- Born: c. 1947 (age 78–79)
- Education: Wharton School of the University of Pennsylvania Boston College
- Occupation: Investment banker
- Years active: 1971–present
- Title: Chief Executive Officer, Investment Banking Officer and Vice-chairman of JPMorgan Chase Founder, Chief Executive Officer and Chairman of the Beacon Group Chairman of Roundtable Investment Partners

= Geoffrey Boisi =

American banker

Geoffrey T. Boisi (/ˈbwɑːzi/ BWAH-zee; born c. 1947) is the founder, CEO and chairman of the Beacon Group, as well as the chairman of Roundtable Investment Partners. He held a number of senior executive roles in investment banks, including JPMorgan Chase and Goldman Sachs.

==Education==
Boisi graduated from Boston College in 1969. He holds an MBA from the Wharton School of the University of Pennsylvania. Seven years after earning his MBA from Wharton, Boisi became the youngest partner at Goldman Sachs. As the management committee partner, he was given responsibility over the firm's worldwide investment banking activities.

==Career==
Boisi w as chief executive officer, investment banking officer and vice-chairman of JPMorgan Chase from 2000 to 2003. He is the founding chairman and a senior partner of The Beacon Group, a private equity firm, and is chief executive officer.

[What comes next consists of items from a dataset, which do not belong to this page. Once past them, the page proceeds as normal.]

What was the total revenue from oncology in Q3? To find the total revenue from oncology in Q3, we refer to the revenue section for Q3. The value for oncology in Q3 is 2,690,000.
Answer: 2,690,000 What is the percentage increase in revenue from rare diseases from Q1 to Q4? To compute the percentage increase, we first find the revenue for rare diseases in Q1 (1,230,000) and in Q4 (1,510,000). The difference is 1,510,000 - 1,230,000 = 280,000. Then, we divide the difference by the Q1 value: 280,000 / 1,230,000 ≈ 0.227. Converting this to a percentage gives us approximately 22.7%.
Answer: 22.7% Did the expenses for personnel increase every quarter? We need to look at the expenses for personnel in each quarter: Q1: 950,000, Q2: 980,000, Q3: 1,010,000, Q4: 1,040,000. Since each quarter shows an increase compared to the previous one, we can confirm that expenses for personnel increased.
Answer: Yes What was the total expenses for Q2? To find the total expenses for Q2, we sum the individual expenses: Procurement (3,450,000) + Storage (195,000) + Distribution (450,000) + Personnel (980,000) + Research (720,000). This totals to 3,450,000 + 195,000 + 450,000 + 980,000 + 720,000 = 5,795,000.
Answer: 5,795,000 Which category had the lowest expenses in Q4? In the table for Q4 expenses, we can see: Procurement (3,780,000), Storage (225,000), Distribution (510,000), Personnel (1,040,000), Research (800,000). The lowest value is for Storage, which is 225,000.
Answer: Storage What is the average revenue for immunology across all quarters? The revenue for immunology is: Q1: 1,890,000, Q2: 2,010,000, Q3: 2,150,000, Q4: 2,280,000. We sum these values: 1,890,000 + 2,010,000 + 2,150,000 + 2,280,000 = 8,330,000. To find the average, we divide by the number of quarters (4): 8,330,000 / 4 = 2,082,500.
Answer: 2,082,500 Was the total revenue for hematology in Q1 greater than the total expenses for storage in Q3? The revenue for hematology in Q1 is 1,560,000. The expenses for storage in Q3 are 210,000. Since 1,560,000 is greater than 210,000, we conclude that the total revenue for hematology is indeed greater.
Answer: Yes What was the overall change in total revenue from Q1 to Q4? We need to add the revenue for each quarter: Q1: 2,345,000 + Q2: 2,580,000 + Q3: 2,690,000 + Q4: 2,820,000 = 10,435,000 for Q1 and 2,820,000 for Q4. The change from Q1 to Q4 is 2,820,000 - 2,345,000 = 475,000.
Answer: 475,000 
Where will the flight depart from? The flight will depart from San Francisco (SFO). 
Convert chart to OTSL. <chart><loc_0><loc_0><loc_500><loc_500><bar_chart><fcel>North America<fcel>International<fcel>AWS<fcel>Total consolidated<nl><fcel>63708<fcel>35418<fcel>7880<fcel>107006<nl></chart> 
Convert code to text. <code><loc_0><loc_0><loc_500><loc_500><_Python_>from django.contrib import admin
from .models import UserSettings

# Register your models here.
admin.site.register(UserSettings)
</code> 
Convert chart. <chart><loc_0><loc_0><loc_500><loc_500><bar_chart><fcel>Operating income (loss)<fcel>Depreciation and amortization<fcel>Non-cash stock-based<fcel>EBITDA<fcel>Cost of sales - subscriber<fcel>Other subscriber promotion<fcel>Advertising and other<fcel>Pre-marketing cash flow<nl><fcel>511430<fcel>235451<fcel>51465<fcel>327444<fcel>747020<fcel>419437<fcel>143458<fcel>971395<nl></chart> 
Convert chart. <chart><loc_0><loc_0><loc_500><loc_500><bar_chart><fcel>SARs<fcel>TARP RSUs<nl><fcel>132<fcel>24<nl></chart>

From 1971 to 1993, Boisi worked for Goldman Sachs & Company, rising senior general partner and head of the investment banking business. Boisi co-founded and chair of The National Mentoring Partnership. He was a member of international advisory board at Oxford Analytica, Ltd. He was a trustee associate of Boston College and trustee of Carnegie Corp., of New York and The Brookings Institution. He is a trustee of the Papal Foundation and Joseph P. Kennedy Enterprises. He is a director of Oxford Analytica Ltd.

Boisi also is a director of Communities in Schools. He was an independent director of Freddie Mac from 2004 to December 2008. Boisi is a graduate from Boston College and co-chairs the capital campaign.